Third, because the battery pack is formed integrally as an integral pack, a larger battery swapping frame is required to bear the stress. Therefore, a space occupied by the battery swapping frame is also larger, which causes an electric quantity of the battery pack to not be made large, thereby limiting a distance between the battery swapping stations, increasing the number of battery swapping stations, and improving the costs.

For the battery 1 according to the embodiments of the present disclosure, since the battery 1 can be mounted on the vehicle-bottom longitudinal beam 200 through the mounting structure 6 of the battery 1 itself, the battery swapping frame is omitted. Moreover, a plurality of batteries 1 are provided, so that the electric quantity may be large, which shortens the distance between the battery swapping station 2000 and the battery swapping station 2000, reduces the number of battery swapping stations 2000, and lowers the cost.

Fourth, only one battery pack can be matched for one vehicle model, and only a single battery pack can be matched for different application scenes, so that the battery swapping flexibility is low, and the compatibility is poor.
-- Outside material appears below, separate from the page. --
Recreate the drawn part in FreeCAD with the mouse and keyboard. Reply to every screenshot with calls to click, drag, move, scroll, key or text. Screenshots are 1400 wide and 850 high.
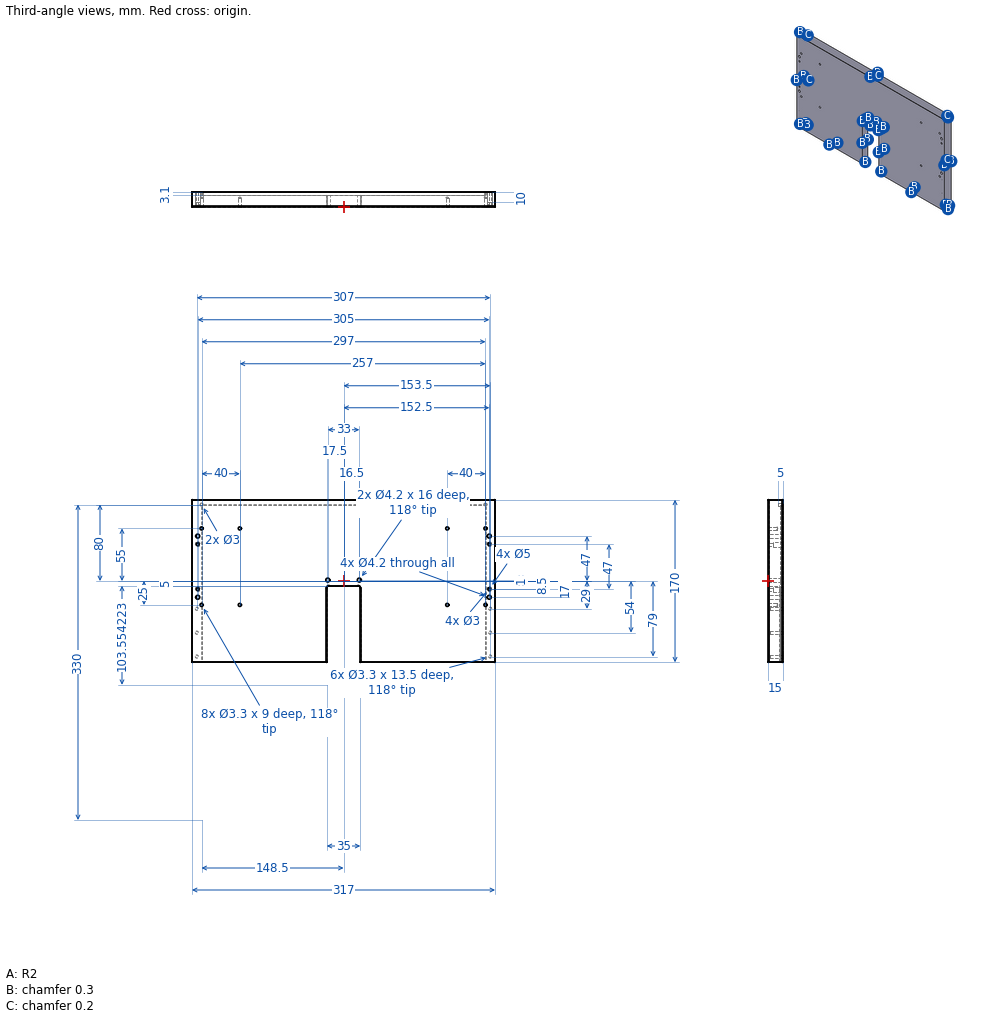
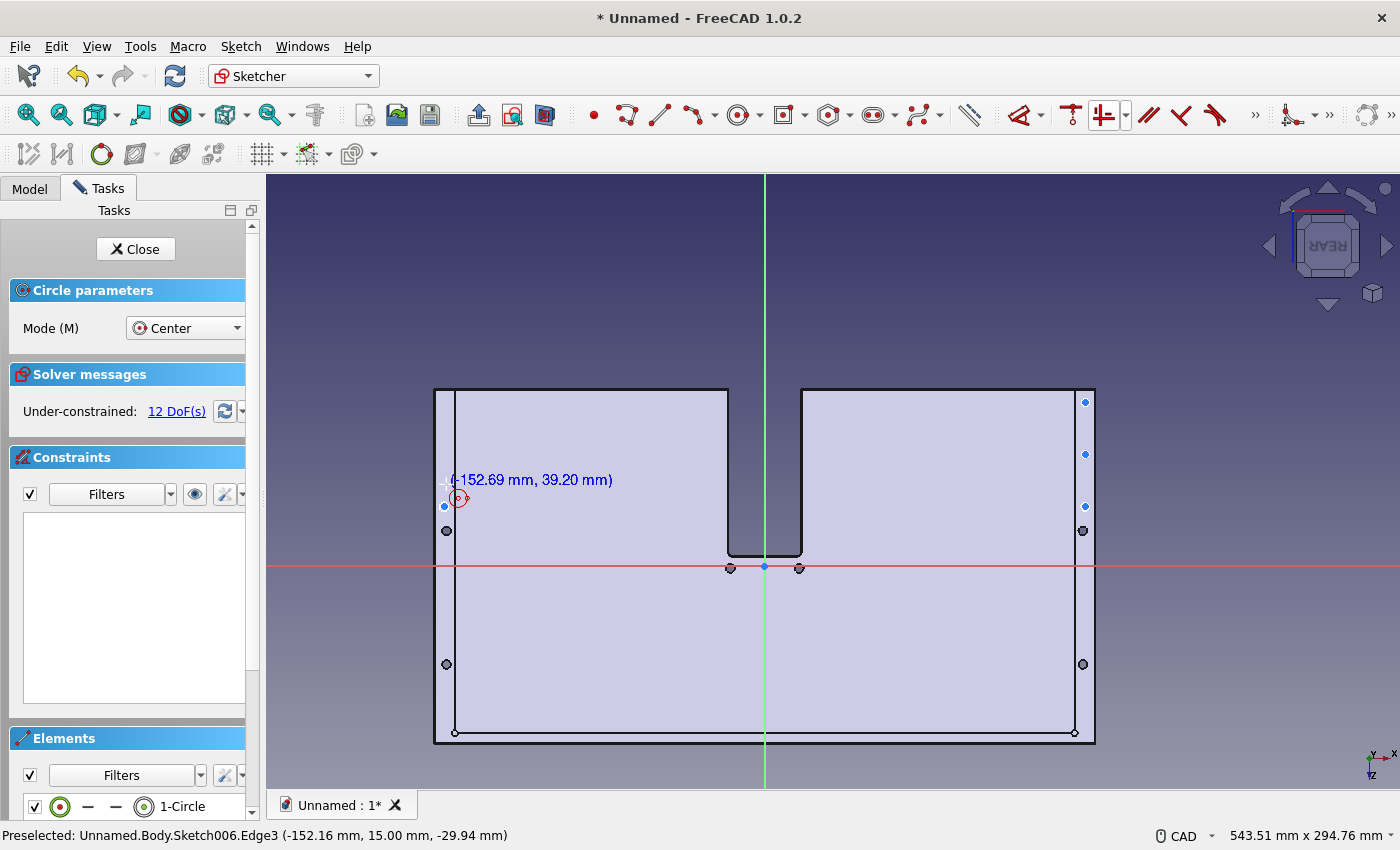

For the battery 1 according to the embodiments of the present disclosure, the plurality of batteries 1 are provided and separately and detachably mounted to the vehicle-bottom longitudinal beam 200. In this way, the compatibility can be obviously improved, and the battery swapping flexibility is obviously improved. Moreover, the adaptability and throughput of the battery swapping station 2000 can be increased, the number of battery swapping stations 2000 is reduced, the distance between the battery swapping stations 2000 is reduced, and the input cost is lowered.

It should be noted that embodiments of the present disclosure and features disclosed in the embodiments of the present disclosure can be combined with each other without conflicting.

While preferred embodiments of the present disclosure have been described above, the present disclosure is not limited thereto. For those skilled in the art, various changes and modifications can be made to the present disclosure. Any modification, equivalent replacement, improvement, etc., made within the spirit and principle of the present disclosure shall fall within the scope of the present disclosure.